* [To do] Search the data for "roll". Return each matching line.

* [Provided data]
==================================================
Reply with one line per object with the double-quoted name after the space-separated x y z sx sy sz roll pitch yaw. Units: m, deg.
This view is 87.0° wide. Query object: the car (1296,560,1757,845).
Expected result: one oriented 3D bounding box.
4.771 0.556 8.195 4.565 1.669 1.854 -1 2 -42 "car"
==================================================
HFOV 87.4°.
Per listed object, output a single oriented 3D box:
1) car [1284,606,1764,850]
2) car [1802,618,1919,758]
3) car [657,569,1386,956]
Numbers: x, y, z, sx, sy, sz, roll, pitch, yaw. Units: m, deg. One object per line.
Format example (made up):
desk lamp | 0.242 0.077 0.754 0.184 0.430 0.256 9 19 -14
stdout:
==================================================
* [Answer to this task]
Reply with one line per object with the double-quoted name after the space-separated x y z sx sy sz roll pitch yaw. Units: m, deg.
Numbers: x, y, z, sx, sy, sz, roll, pitch, yaw. Units: m, deg. One object per line.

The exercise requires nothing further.